A Transformer architecture for classification of raw EEG signals, including several visualizations of attention weights.
This work was presented at the Conference on Cognitive Computational Neuroscience 2022: https://doi.org/10.32470/CCN.2022.1240-0
Clone this repository and install the dependencies in your Python environment of choice.
For example:
git clone [email protected]:PhilippThoelke/eeg-transformer.git
cd eeg-transformer
pip install -r requirements.txt
We provide a download script (src/download_data.py
) for the EEG Motor Movement/Imagery Dataset, which combines the specified runs into a single memory mapped NumPy file and a CSV file containing labels and subject information. By default the script will save the dataset files in a directory called data
but you can change this by editing the result_dir
variable at the top of the script. You can additionally restrict the script to only download parts of the dataset, choose normalization and epoch duration by editing the target_type
, normalize_epochs
and epoch_duration
fields respectively. By default, all tasks from the dataset are combined but it is possible to select individual tasks using the training script.
When you are done editing, simply run the script via
python src/download_data.py
Training the model is started by running src/train.py
. There is a wide range of different hyperparameters you can choose from. Run python src/train.py --help
to get a list of possible arguments and their descriptions. There are 4 required arguments, namely --data-path
, --label-path
, --epoch-length
and --num-channels
, which correspond to the paths to the memory mapped dataset and CSV label files, the number of steps per epoch and number of channels in the raw EEG respectively.

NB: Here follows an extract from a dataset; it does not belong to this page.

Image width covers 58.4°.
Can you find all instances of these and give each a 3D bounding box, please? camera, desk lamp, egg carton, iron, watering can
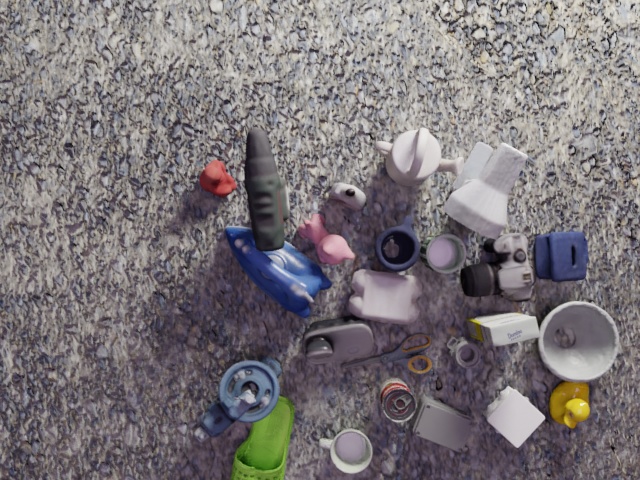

To train on the dataset described in the dataset section, it would be enough to specify only the 4 required arguments but be recommend excluding the three reference channels and low-pass filtering the data. To train on the eyes open vs eyes closed condition for example, run this command:
python src/train.py --data-path path/to/raw-dataset.dat --label-path path/to/label-dataset.csv --epoch-length 320 --num-channels 64 --conditions eyes-open eyes-closed --ignore-channels 42 43 63 --sample-rate 160 --low-pass 30
Training progress is logged in a directory called lightning_logs
, which contains subdirectories for individual training runs. Each run contains an hparams.yaml
file with a list of hyperparameters, a splits.pt
file containing indices of the training and validation set, an events.out.tfevens.*
file with Tensorboard compatible training metrics and a checkpoints
directory with model checkpoints. You can view the training progress visually by running tensorboard --logdir lightning_logs/
. After running this you can access a graphical view of the training progress by accessing localhost:6006
in a webbrowser.
To load a model checkpoint for analysis, you can use the Lightning Module's load_from_checkpoint
function.
from module import TransformerModule
model = TransformerModule.load_from_checkpoint("path/to/model.ckpt")
The model's forward
function takes expects a tensor containing the raw EEG with shape batch-size x time-steps x channels (the batch dimension is optional). It will return class probabilities with shape batch-size x num-classes. Example with random data:
import torch
# batch-size=8, epoch-length=320, num-channels=64
x = torch.rand(8, 320, 64)
prediction = model(x)
# prediction.shape == (8, 2) for binary classification
We provide a context-manager for extracting attention weights during a forward call.
from attention import Attention
# record attention weights
with Attention(model) as a:
prediction = model(x)
attn = a.get()
The resulting attn
tensor has shape batch-size x num-layers x num-heads x num-tokens x num-tokens. You can combine the attention weights of all layers and heads using attention rollout:
from attention import rollout
token_attn = rollout(attn)
class_attn = rollout(attn, only_class=True)
The resulting token_attn
tensor will have the shape batch-size x num-tokens x num-tokens and represents the full attention matrix between all pairs of tokens. The condensed class_attn
tensor (shape batch-size x num-tokens) contains normalized attention weights from all input tokens towards the class token and can be thought of as a feature importance metric.
The src/attention.py
script can also be used from the command line. For a list of arguments run python src/attention.py --help
. When run from the command line, the script will extract the attention matrices from the validation set of the specified dataset and store attention, as well as some other useful metrics, in a file called attention.pt
in the model's log directory. You can load this file using
attention = torch.load("path/to/attention.pt")
attn, confidence, pred, labels, stages, subjects, hparams, condition_mapping, stage_mapping, subject_mapping = attention
The attention weights can be visualized in the form of topomaps and interactive 3D plots using the notebooks/AttentionFigures.ipynb
notebook. Simply adjust the model_dir
variable at the top to point towards your model's log dir or a directory containing the log directories of multiple models.